- IATA: none; ICAO: KTDF; FAA LID: TDF;

Summary
- Airport type: Public
- Owner: Person County
- Serves: Roxboro, North Carolina
- Location: Timberlake, North Carolina
- Elevation AMSL: 609 ft / 186 m
- Coordinates: 36°17′05″N 078°59′05″W﻿ / ﻿36.28472°N 78.98472°W
- Website: https://raleighregional.com/
- Interactive map of Raleigh Regional Airport at Person County

Runways
| Direction | Length |  | Surface |
| ft | m |
| 6/24 | 6,005 | 1,830 | Asphalt |

Statistics (2021)
- Aircraft operations (year ending 7/30/2021): 34,750
- Based aircraft: 33
- Source: Federal Aviation Administration

= Person County Airport =

Person County Airport , also known as Raleigh Regional Airport at Person County, is a county-owned, public-use airport in Person County, North Carolina, United States. It is located six nautical miles (11 km) south of the central business district of Roxboro.

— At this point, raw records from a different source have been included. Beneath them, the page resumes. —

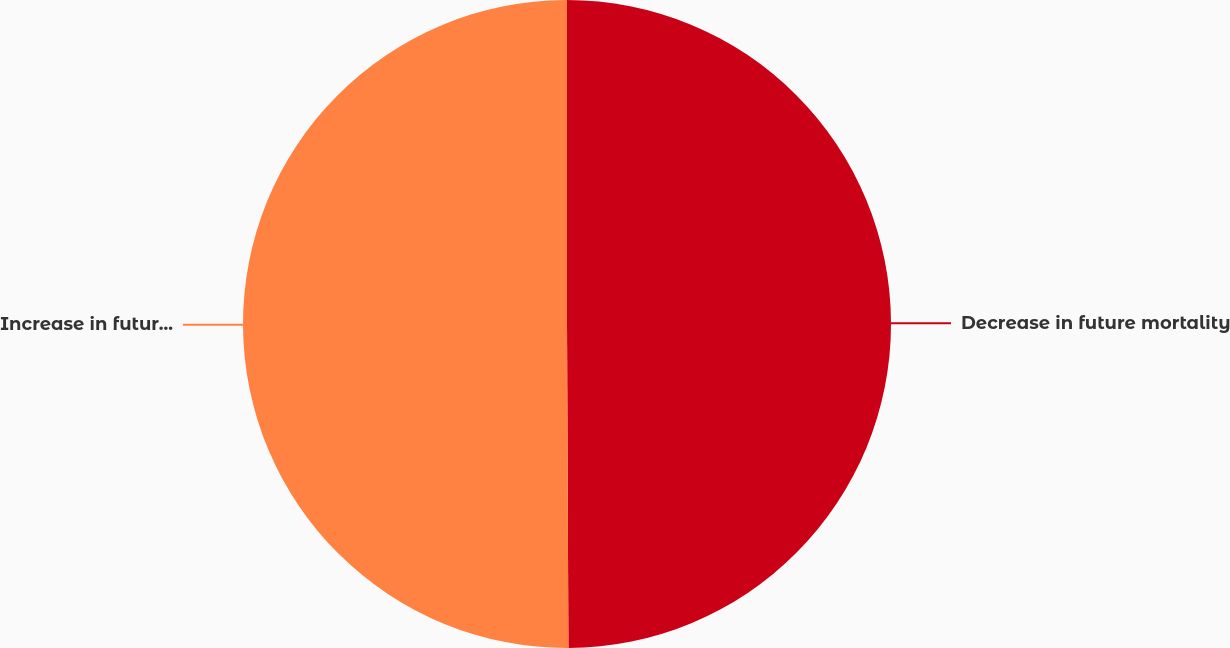Convert chart to OTSL. <chart><loc_0><loc_0><loc_500><loc_500><pie_chart><fcel>Decrease in future mortality<fcel>Increase in future mortality<nl><fcel>49.93%<fcel>50.07%<nl></chart> 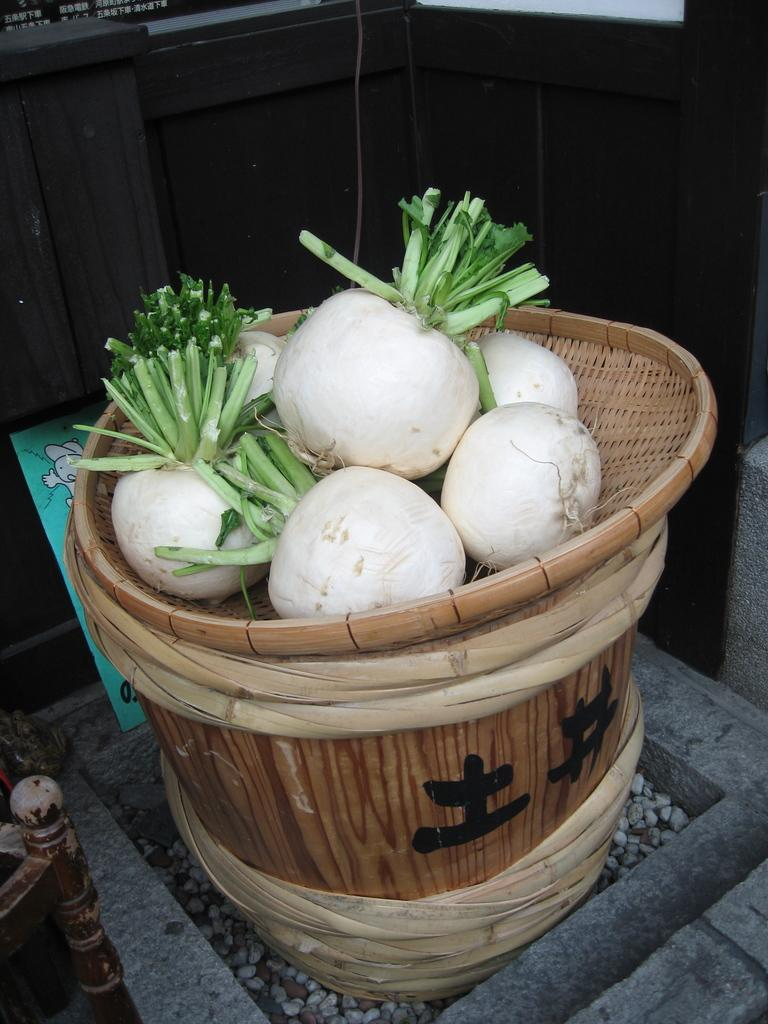What type of furniture is in the image? There is a wooden stool in the image. What is placed on the wooden stool? There is a wooden bowl on the stool. What is inside the wooden bowl? There are white onions in the bowl. What can be seen in the background of the image? There is a wooden wall in the background of the image. What type of committee is responsible for the onions in the image? There is no committee present in the image, and the onions are simply placed in a wooden bowl on a stool. Can you tell me which jewel is being used to hold the onions in the image? There are no jewels present in the image; the onions are held in a wooden bowl. 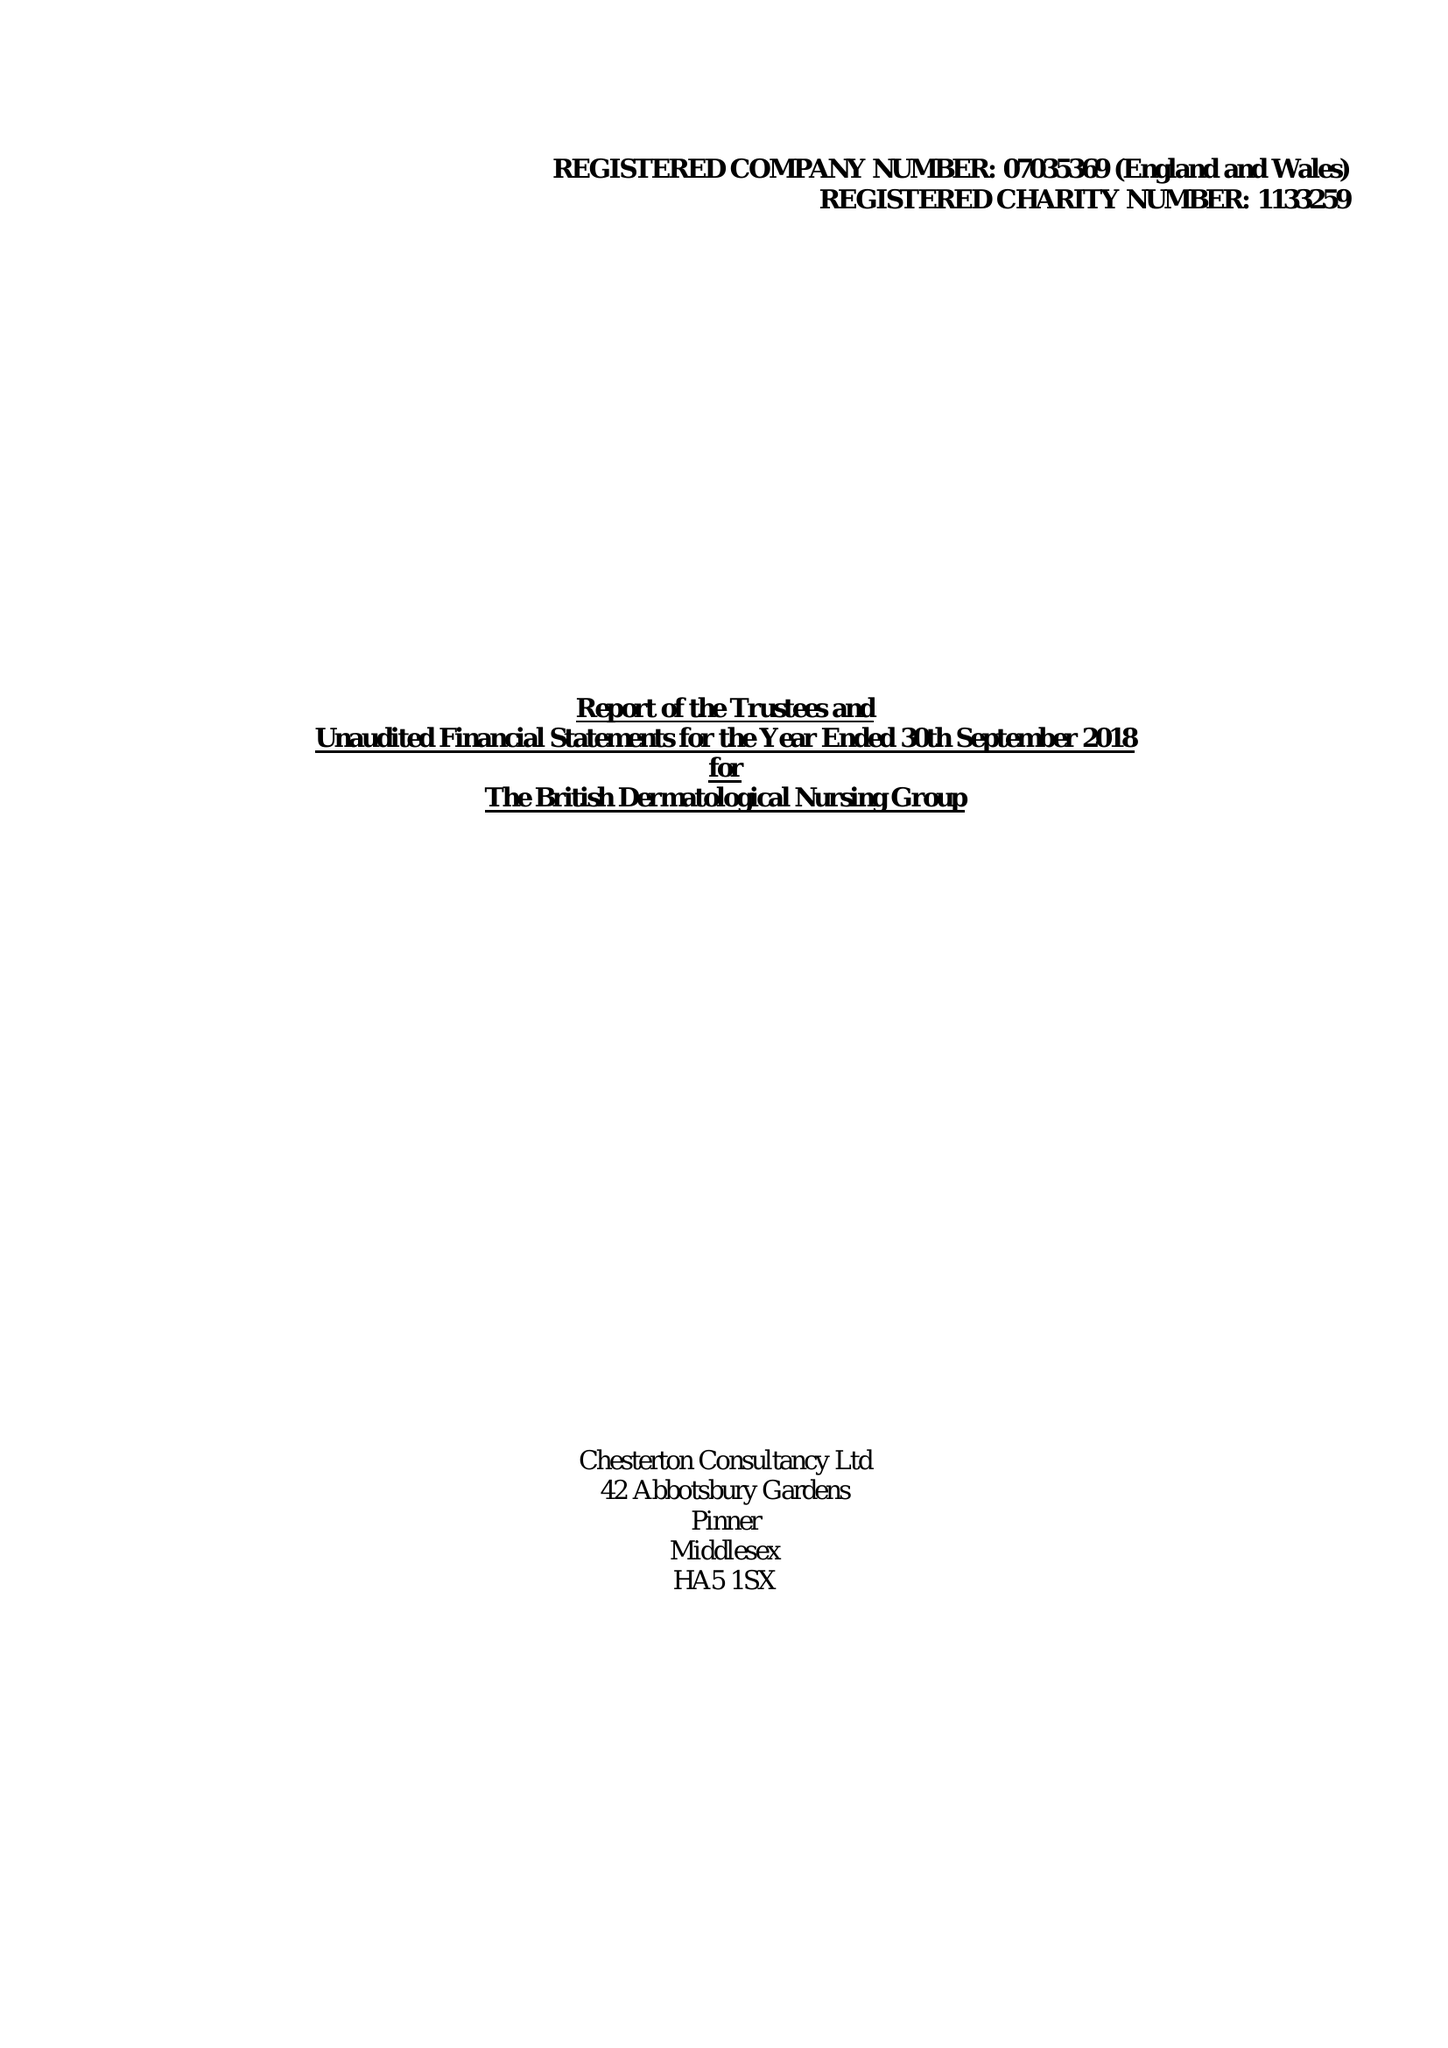What is the value for the charity_number?
Answer the question using a single word or phrase. 1133259

According to the FAA's National Plan of Integrated Airport Systems for 2009–2013, it is a general aviation airport (it had previously been a reliever airport).

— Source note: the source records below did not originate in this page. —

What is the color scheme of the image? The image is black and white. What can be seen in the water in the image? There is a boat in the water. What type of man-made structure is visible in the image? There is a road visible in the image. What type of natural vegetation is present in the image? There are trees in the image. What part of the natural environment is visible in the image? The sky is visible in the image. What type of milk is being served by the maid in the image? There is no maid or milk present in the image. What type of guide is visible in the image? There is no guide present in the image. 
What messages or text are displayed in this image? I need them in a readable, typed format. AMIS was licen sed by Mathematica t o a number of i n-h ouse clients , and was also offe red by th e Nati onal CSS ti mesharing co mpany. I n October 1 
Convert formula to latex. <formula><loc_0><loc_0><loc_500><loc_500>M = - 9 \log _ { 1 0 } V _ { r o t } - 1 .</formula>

Although many U.S. airports use the same three-letter location identifier for the FAA and IATA, this airport is assigned TDF by the FAA but has no designation from the IATA.

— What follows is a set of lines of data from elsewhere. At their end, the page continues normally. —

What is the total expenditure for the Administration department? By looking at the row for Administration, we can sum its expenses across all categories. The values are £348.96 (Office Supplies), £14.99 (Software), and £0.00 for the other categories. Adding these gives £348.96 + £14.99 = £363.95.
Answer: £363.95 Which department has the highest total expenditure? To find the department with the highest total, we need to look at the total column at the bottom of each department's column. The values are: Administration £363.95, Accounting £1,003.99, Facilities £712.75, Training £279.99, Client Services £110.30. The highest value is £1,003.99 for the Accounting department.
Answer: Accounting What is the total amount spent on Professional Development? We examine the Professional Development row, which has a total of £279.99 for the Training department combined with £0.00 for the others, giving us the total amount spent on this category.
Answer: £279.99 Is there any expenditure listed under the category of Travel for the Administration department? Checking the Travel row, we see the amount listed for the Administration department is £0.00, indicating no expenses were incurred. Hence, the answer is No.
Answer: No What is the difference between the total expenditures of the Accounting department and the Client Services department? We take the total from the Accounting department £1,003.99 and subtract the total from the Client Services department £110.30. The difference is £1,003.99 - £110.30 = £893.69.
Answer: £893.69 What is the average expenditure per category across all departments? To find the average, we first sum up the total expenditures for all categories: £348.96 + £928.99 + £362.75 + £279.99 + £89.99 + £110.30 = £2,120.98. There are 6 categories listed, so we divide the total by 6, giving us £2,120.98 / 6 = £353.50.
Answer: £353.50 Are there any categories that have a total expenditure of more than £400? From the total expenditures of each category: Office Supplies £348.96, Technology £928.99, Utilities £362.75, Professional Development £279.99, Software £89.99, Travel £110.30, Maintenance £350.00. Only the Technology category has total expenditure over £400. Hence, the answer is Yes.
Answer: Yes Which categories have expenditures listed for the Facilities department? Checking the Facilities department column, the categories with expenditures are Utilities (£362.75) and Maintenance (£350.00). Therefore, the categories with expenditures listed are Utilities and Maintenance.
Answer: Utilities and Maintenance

== Facilities and aircraft ==
Person County Airport covers an area of 218 acre at an elevation of 609 feet (186 m) above mean sea level. It has one runway designated 6/24 with an asphalt surface measuring 6,005 by 100 feet (1,830 x 30 m).

For the 12-month period ending July 30, 2021, the airport had 34,750 aircraft operations, an average of 95 per day: 95% general aviation, 3% military and 2% air taxi. At that time there were 33 aircraft based at this airport: 29 single-engine and 4 multi-engine.